Despite the overall quality of the essays, perhaps because of that quality, a [*276] number of questions remain. To be fair, the authors raise some of these questions themselves. Consider the Hammond, Bonneau and Sheehan model, in which it is possible for a circuit court to induce new legal rules at the Supreme Court level by strategically resolving its own cases. This result depends critically on the assumption that the majority opinion writer at the Supreme Court is able to make “take it or leave it” offers to the remainder of the Court, pitting a new legal state of affairs against the status quo. Under this assumption, we can observe equilibrium legal rules that do not reflect the preferences of the median justice. If we let the Court operate via an open amendment rule, which seems to be a better reflection of Supreme Court practice, it is unclear whether the circuit court’s influence would remain. Likewise, we might ask whether Cameron’s and Kornhauser’s striking result concerning the optimality of a three-tier judiciary for reducing errors in a judicial hierarchy is highly sensitive to their assumption that litigants become perfectly informed of the truth. Are four tiers really no better than three if this is not true? Moreover, as the authors themselves wonder, does it even make sense to think about an empirically “true” legal interpretation?
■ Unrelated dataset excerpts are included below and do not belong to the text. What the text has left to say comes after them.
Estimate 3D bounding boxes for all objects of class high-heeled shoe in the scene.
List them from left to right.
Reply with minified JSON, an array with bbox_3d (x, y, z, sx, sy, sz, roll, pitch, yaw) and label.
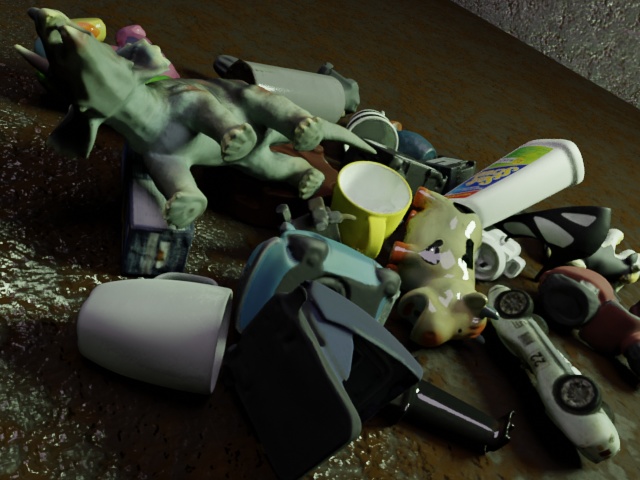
[{"bbox_3d":[0.304,-0.052,0.786,0.086,0.145,0.249,3,40,-30],"label":"high-heeled shoe"}]

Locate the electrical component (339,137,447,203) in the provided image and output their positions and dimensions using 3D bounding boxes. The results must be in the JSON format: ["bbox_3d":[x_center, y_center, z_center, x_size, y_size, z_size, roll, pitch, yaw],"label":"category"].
[{"bbox_3d":[0.099,-0.102,0.779,0.115,0.058,0.134,15,16,-34],"label":"electrical component"}]

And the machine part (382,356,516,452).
[{"bbox_3d":[0.105,0.146,0.484,0.139,0.039,0.084,23,25,3],"label":"machine part"}]

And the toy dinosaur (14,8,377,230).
[{"bbox_3d":[-0.108,-0.122,0.559,0.192,0.131,0.404,43,26,21],"label":"toy dinosaur"}]

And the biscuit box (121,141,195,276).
[{"bbox_3d":[-0.175,-0.050,0.565,0.059,0.062,0.203,6,36,-24],"label":"biscuit box"}]

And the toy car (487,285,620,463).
[{"bbox_3d":[0.233,0.128,0.556,0.073,0.056,0.202,45,15,-40],"label":"toy car"}]

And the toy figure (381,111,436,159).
[{"bbox_3d":[0.129,-0.172,0.931,0.064,0.057,0.155,-7,39,-47],"label":"toy figure"}]

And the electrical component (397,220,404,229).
[{"bbox_3d":[0.082,-0.050,0.759,0.094,0.021,0.063,33,34,16],"label":"electrical component"}]

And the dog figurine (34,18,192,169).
[{"bbox_3d":[-0.231,-0.182,0.681,0.191,0.108,0.219,-16,52,-45],"label":"dog figurine"}]

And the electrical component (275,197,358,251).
[{"bbox_3d":[-0.002,0.000,0.578,0.078,0.102,0.045,-19,44,-13],"label":"electrical component"}]

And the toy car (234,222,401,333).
[{"bbox_3d":[-0.009,0.040,0.508,0.161,0.109,0.103,13,16,-31],"label":"toy car"}]

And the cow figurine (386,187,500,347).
[{"bbox_3d":[0.138,0.037,0.604,0.127,0.085,0.195,18,49,11],"label":"cow figurine"}]

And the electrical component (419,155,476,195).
[{"bbox_3d":[0.183,-0.099,0.848,0.119,0.047,0.075,-16,26,-38],"label":"electrical component"}]

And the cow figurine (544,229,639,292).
[{"bbox_3d":[0.427,0.027,0.819,0.167,0.068,0.098,25,38,8],"label":"cow figurine"}]

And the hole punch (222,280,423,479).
[{"bbox_3d":[-0.001,0.099,0.407,0.092,0.142,0.116,-15,62,-41],"label":"hole punch"}]

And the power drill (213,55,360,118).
[{"bbox_3d":[-0.042,-0.262,0.931,0.232,0.086,0.207,40,33,22],"label":"power drill"}]

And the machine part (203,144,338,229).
[{"bbox_3d":[-0.060,-0.084,0.691,0.179,0.056,0.179,15,35,-11],"label":"machine part"}]

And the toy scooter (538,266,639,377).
[{"bbox_3d":[0.372,0.092,0.689,0.184,0.075,0.135,40,37,19],"label":"toy scooter"}]

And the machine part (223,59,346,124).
[{"bbox_3d":[-0.047,-0.197,0.739,0.243,0.079,0.079,-7,43,-45],"label":"machine part"}]

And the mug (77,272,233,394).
[{"bbox_3d":[-0.127,0.061,0.424,0.107,0.080,0.110,10,40,-6],"label":"mug"}]
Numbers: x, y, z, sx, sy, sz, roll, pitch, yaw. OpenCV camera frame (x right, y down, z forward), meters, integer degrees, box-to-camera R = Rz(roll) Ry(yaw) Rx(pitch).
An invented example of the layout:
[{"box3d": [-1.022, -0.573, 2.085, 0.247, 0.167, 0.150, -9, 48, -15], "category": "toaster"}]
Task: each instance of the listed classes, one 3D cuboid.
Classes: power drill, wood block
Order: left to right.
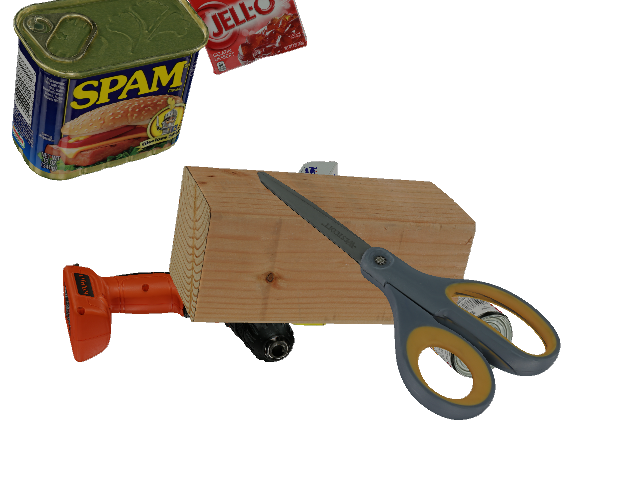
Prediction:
[{"box3d": [-0.129, 0.063, 0.950, 0.187, 0.057, 0.185, -3, 22, -19], "category": "power drill"}, {"box3d": [0.000, 0.005, 0.810, 0.205, 0.091, 0.090, 3, 24, -21], "category": "wood block"}]

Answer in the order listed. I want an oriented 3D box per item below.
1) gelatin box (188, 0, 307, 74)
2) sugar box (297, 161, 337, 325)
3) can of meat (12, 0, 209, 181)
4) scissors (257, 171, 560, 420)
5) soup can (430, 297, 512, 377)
[{"box3d": [-0.064, -0.196, 0.947, 0.089, 0.073, 0.030, -17, 24, 5], "category": "gelatin box"}, {"box3d": [-0.007, 0.003, 1.252, 0.048, 0.176, 0.093, 1, 19, 10], "category": "sugar box"}, {"box3d": [-0.121, -0.087, 0.598, 0.101, 0.057, 0.084, -19, -31, -33], "category": "can of meat"}, {"box3d": [0.030, 0.030, 0.580, 0.202, 0.016, 0.096, 25, 51, 15], "category": "scissors"}, {"box3d": [0.120, 0.071, 0.980, 0.068, 0.068, 0.102, 0, 26, -32], "category": "soup can"}]
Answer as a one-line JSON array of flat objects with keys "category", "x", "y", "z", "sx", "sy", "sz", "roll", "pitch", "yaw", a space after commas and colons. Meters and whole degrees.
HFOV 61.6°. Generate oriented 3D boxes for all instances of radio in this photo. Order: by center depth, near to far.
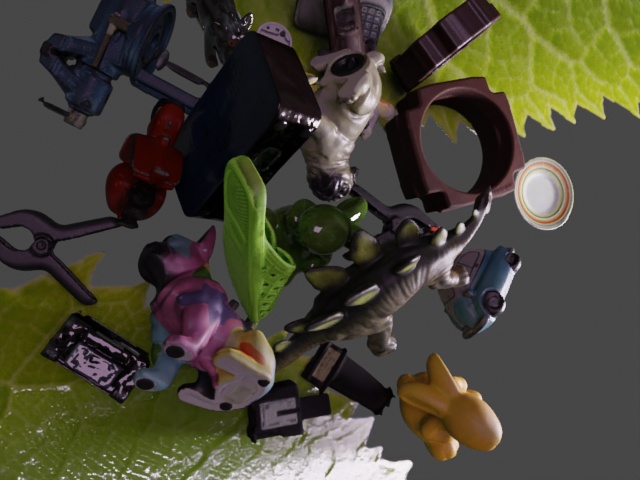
[{"category": "radio", "x": -0.104, "y": -0.131, "z": 0.682, "sx": 0.073, "sy": 0.229, "sz": 0.131, "roll": 5, "pitch": 52, "yaw": -45}]

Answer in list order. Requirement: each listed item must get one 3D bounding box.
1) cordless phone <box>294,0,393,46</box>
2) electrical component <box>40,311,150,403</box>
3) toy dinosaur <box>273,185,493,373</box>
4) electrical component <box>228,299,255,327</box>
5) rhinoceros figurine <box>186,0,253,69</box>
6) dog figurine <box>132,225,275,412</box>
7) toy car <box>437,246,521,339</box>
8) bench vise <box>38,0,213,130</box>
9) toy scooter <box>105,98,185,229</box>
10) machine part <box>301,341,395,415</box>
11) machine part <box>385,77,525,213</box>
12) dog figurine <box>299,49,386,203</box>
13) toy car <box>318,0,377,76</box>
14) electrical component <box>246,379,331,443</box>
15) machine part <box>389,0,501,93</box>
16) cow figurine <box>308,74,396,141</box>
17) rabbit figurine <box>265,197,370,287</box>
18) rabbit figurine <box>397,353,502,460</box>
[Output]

Returning to the compliance problem, both Rogers and Carrubba and Vanberg assume politicians pay some sort of exogenous cost for defying a constitutional court. Vanberg explicitly assumes that this cost is induced by something like the legitimacy of the high court. We might wonder in each model whether these costs are endogenous to the way that courts resolve their cases? Are they constant over time? If judicial legitimacy were itself a function of time, which is consistent with the empirical literature, then it would seem like these costs would vary temporally. But how? In answering that question, we may gain an understanding of how a weak court might evolve into a strong one.

That the book leaves many questions unanswered is a virtue, especially since answers to these questions seem neither obvious nor impossibly complicated. Consequently, INSTITUTIONAL GAMES contains nearly everything for which a scholar looks in an edited volume. There is a clear statement of purpose. Individual contributions actually manage to deliver on that purpose; and, readers are left with questions that beg for additional research.